A new study by Hotelleriesuisse reveals that nearly half of Swiss hotels are being affected by their rooms being sold at lower prices on platforms like Booking.com without their consent. The industry body warns this is creating a 'downward price spiral' and threatens hotels' control over their own distribution.

"Price cuts can force hotels to lower their own direct rates to stay competitive, creating a downward spiral."
A staggering 50% of Swiss hotels are currently under siege as global booking platforms aggressively undercut their prices. This is no longer a fringe issue; it is a full-blown crisis of distribution. According to the latest 2025 study by Hotelleriesuisse, the number of hotels reporting unauthorized price slashing has surged from 40% just a year ago. In a shocking 83% of these instances, the hotels never gave their consent for these discounts. This predatory pricing forces prestigious Swiss establishments into a corner, where they must either slash their own direct rates or lose customers to the very platforms meant to support them. The result is a 'downward price spiral' that threatens the premium image of Swiss hospitality.

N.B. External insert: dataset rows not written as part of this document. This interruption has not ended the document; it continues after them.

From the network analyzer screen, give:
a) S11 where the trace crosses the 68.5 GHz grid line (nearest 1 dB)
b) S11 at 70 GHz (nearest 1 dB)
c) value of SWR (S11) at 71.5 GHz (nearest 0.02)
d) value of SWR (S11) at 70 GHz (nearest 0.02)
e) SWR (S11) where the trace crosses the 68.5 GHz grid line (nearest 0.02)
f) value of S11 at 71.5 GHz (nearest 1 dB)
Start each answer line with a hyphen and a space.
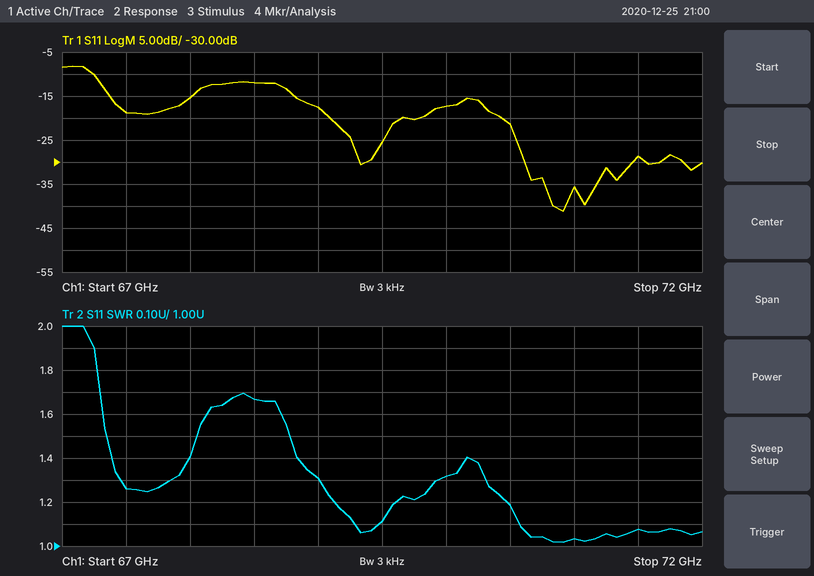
- -12 dB
- -17 dB
- 1.08
- 1.32
- 1.66
- -29 dB
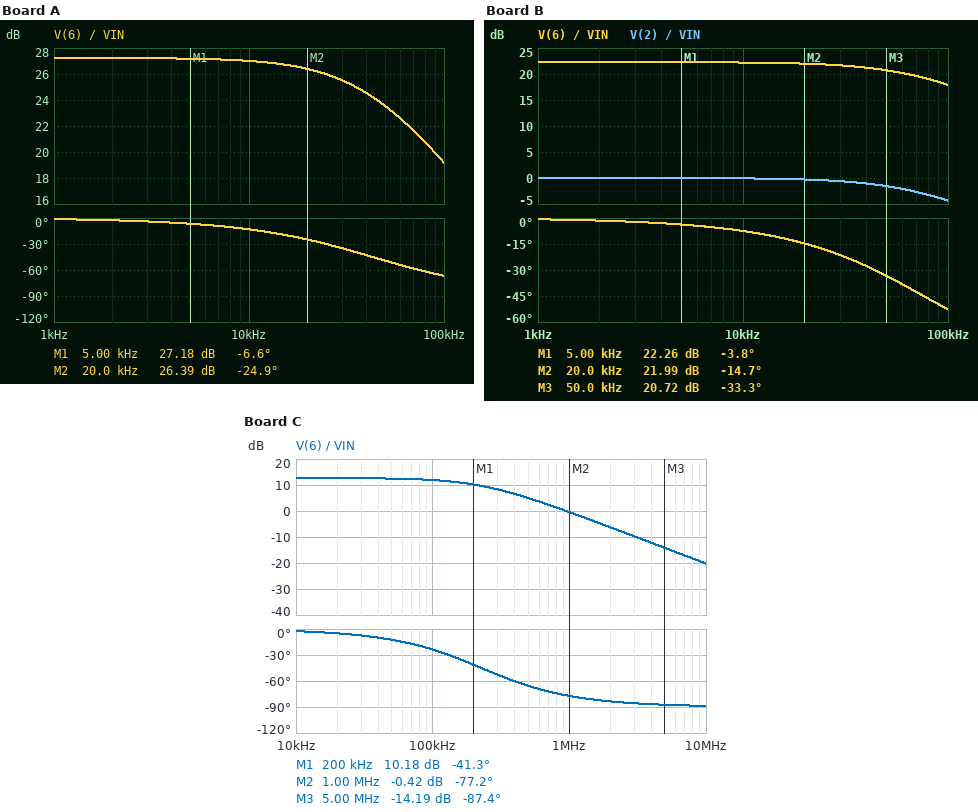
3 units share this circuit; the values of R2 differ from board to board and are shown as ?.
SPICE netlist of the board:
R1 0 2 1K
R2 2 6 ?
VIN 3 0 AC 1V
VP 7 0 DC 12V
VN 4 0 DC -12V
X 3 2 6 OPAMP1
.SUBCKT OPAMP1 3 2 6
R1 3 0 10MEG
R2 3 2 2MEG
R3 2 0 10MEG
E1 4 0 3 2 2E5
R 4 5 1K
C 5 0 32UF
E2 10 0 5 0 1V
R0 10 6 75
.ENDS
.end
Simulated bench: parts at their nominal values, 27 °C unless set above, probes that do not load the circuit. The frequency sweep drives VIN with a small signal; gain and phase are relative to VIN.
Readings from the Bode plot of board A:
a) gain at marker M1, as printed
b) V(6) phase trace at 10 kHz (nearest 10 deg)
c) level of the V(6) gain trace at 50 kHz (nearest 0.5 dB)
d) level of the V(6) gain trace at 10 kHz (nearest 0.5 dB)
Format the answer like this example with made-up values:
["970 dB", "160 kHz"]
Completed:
["27.18 dB", "-10 deg", "23.5 dB", "27.0 dB"]
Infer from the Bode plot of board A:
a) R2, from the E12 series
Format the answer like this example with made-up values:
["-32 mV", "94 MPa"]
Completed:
["22 kΩ"]
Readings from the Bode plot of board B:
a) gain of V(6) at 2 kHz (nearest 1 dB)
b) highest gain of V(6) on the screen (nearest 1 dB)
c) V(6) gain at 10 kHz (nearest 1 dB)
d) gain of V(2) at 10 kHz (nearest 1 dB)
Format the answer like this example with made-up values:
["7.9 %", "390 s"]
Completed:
["22 dB", "22 dB", "22 dB", "0 dB"]
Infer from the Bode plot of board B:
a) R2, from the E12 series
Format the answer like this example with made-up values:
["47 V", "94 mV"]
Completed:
["12 kΩ"]
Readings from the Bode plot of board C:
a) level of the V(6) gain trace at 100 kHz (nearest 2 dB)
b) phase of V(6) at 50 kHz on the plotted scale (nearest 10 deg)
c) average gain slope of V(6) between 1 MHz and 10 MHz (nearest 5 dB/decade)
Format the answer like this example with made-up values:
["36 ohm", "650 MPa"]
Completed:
["12 dB", "-10 deg", "-20 dB/decade"]
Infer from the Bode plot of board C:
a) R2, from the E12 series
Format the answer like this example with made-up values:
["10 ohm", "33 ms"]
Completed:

One giant looms over the Swiss landscape: Booking.com now commands over 70% of the online booking market. This unprecedented concentration of power leaves hotels with little room to maneuver. While Expedia holds a 15% share, the dominance of a single player creates a dangerous dependency. Even though Swiss law has banned 'price parity' clauses—which previously prohibited hotels from offering lower prices on their own websites—the platforms have found new, more insidious ways to exert control. Nearly 29% of hotels report direct interventions in their pricing. Platforms use visibility algorithms and search rankings as leverage; if a hotel doesn't play by the platform's rules, they simply disappear from the first page of search results.
The rise of 'multi-sourcing' has turned the inventory of Swiss hotels into a digital free-for-all. More than half of all hotels now grapple with their rooms being resold through complex webs of third-party wholesalers and affiliates. This fragmentation makes it nearly impossible for hoteliers to track where their rooms are being sold, let alone at what price. When a wholesaler sells a block of rooms to a minor site that then feeds it back into a major OTA at a lower margin, the hotel loses all pricing sovereignty. This chaotic ecosystem erodes the trust between the hotel and its guests, who may find wildly different prices for the same room across the internet, often lower than the hotel's own 'best price guarantee'.
Despite the digital onslaught, Swiss hotels are fighting back. Direct bookings still account for a robust 59% of the market, proving that guests still value a personal connection with their hosts. However, the future of the industry depends on whether hotels can successfully navigate this technological minefield. Christian Hürlimann, Director of Hotelleriesuisse, warns that the current trajectory is unsustainable. The industry is now calling for more transparency and a fairer digital marketplace. As we move further into 2025, the battle for the 'direct relationship' with the guest will define the survival of the Swiss hospitality model. For the traveler, the message is clear: booking direct isn't just a preference; it’s an act of support for the local economy against global digital hegemony.